I decided to dismantle one of the failed bulbs and here is what I found.   To me the failure mode is obvious.  The glue used to attach the base to the bulb has flowed onto the heat-sensitive driver chips and covered them up preventing them from dissipating heat.

I’ve tried contacting Phillips Canada and I’m sure we’re all surprised to discover they could care less.

Update 10/15/24:

One of the bulbs in the other bathroom did fail. I thought it was one of the older style but when I pulled it, I realized it was one of the same as the others that are failing.   This one went in 03/27/2024 and lasted until 10/13/2024.  It lasted a lot longer (though still not the lifetime I’ve come to expect from an LED bulb).
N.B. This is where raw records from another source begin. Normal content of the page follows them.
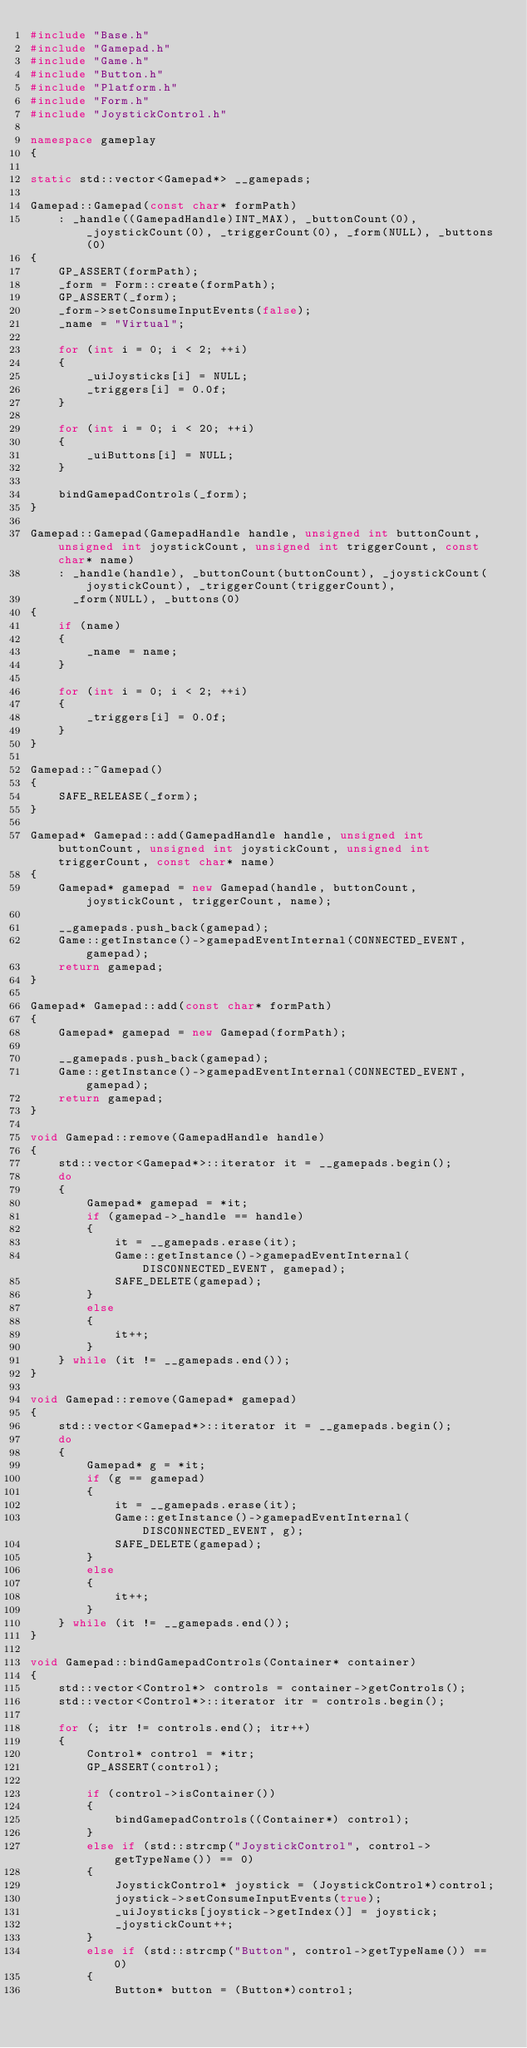Convert code to text. <code><loc_0><loc_0><loc_500><loc_500><_C++_>#include "Base.h"
#include "Gamepad.h"
#include "Game.h"
#include "Button.h"
#include "Platform.h"
#include "Form.h"
#include "JoystickControl.h"

namespace gameplay
{

static std::vector<Gamepad*> __gamepads;

Gamepad::Gamepad(const char* formPath)
    : _handle((GamepadHandle)INT_MAX), _buttonCount(0), _joystickCount(0), _triggerCount(0), _form(NULL), _buttons(0)
{
    GP_ASSERT(formPath);
    _form = Form::create(formPath);
    GP_ASSERT(_form);
    _form->setConsumeInputEvents(false);
    _name = "Virtual";

    for (int i = 0; i < 2; ++i)
    {
        _uiJoysticks[i] = NULL;
        _triggers[i] = 0.0f;
    }

    for (int i = 0; i < 20; ++i)
    {
        _uiButtons[i] = NULL;
    }

    bindGamepadControls(_form);
}

Gamepad::Gamepad(GamepadHandle handle, unsigned int buttonCount, unsigned int joystickCount, unsigned int triggerCount, const char* name)
    : _handle(handle), _buttonCount(buttonCount), _joystickCount(joystickCount), _triggerCount(triggerCount),
      _form(NULL), _buttons(0)
{
    if (name)
    {
        _name = name;
    }

    for (int i = 0; i < 2; ++i)
    {
        _triggers[i] = 0.0f;
    }
}

Gamepad::~Gamepad()
{
    SAFE_RELEASE(_form);
}

Gamepad* Gamepad::add(GamepadHandle handle, unsigned int buttonCount, unsigned int joystickCount, unsigned int triggerCount, const char* name)
{
    Gamepad* gamepad = new Gamepad(handle, buttonCount, joystickCount, triggerCount, name);

    __gamepads.push_back(gamepad);
    Game::getInstance()->gamepadEventInternal(CONNECTED_EVENT, gamepad);
    return gamepad;
}

Gamepad* Gamepad::add(const char* formPath)
{
    Gamepad* gamepad = new Gamepad(formPath);

    __gamepads.push_back(gamepad);
    Game::getInstance()->gamepadEventInternal(CONNECTED_EVENT, gamepad);
    return gamepad;
}

void Gamepad::remove(GamepadHandle handle)
{
    std::vector<Gamepad*>::iterator it = __gamepads.begin();
    do
    {
        Gamepad* gamepad = *it;
        if (gamepad->_handle == handle)
        {
            it = __gamepads.erase(it);
            Game::getInstance()->gamepadEventInternal(DISCONNECTED_EVENT, gamepad);
            SAFE_DELETE(gamepad);
        }
        else
        {
        	it++;
        }
    } while (it != __gamepads.end());
}

void Gamepad::remove(Gamepad* gamepad)
{
    std::vector<Gamepad*>::iterator it = __gamepads.begin();
    do
    {
        Gamepad* g = *it;
        if (g == gamepad)
        {
            it = __gamepads.erase(it);
            Game::getInstance()->gamepadEventInternal(DISCONNECTED_EVENT, g);
            SAFE_DELETE(gamepad);
        }
        else
        {
        	it++;
        }
    } while (it != __gamepads.end());
}

void Gamepad::bindGamepadControls(Container* container)
{
    std::vector<Control*> controls = container->getControls();
    std::vector<Control*>::iterator itr = controls.begin();

    for (; itr != controls.end(); itr++)
    {
        Control* control = *itr;
        GP_ASSERT(control);

        if (control->isContainer())
        {
            bindGamepadControls((Container*) control);
        }
        else if (std::strcmp("JoystickControl", control->getTypeName()) == 0)
        {
            JoystickControl* joystick = (JoystickControl*)control;
            joystick->setConsumeInputEvents(true);
            _uiJoysticks[joystick->getIndex()] = joystick;
            _joystickCount++;
        }
        else if (std::strcmp("Button", control->getTypeName()) == 0)
        {
            Button* button = (Button*)control;</code>

It appears to have the same over-gluing problem but it was clearly clocked a bit when the glue went on so it didn’t displace the thermal paste as it did on the above bulb.   Probably explains why the increased life.

Edit 02/12/2024

Had another of these bulbs fail.  This one was installed in 09/09/2024 and lasted until 02/10/2025.  Not quite a record and still pretty dismal.

 

I’ve since switched to Amazon Basics dimmable bulbs and haven’t had any failures but it’s only been around 3 months.  They’re also around half the price though.

Migrating from MediaWiki to Bookstack.

By   April 21, 2024

My long relationship with MediaWiki is over.  It’s been over for a while if I’m honest.

Anyway, there’s no trivial way to import MediaWiki data into Bookstack but here’s what I did:

  1. First I installed Bookstack.
  2. Then export MediaWiki data to xml:

    php maintenance/dumpBackup.php –current –include-files > /tmp/all_pages.xml

  3. Clone https://github.com/outofcontrol/mediawiki-to-gfm

    ./convert.php –filename=/tmp/all_pages.xml –output=/path/to/converted/files

  4. Find where your images went:

    php maintenance/dumpUploads.php

  5. Clone

    https://github.com/Yetangitu/bs

  6. Go to your bookstack implementation and get an API key.
  7. Follow the instructions for ‘bs’ to configure it with your API key.
  8. use ‘bs’ to create books/chapters/pages using the data from step 3.
  9. Upload the images from step 4.
  10. A bunch of manual cleanup and reorganizing.

 

This is not for the faint of heart but it’s also not difficult.  Just a bit tedious.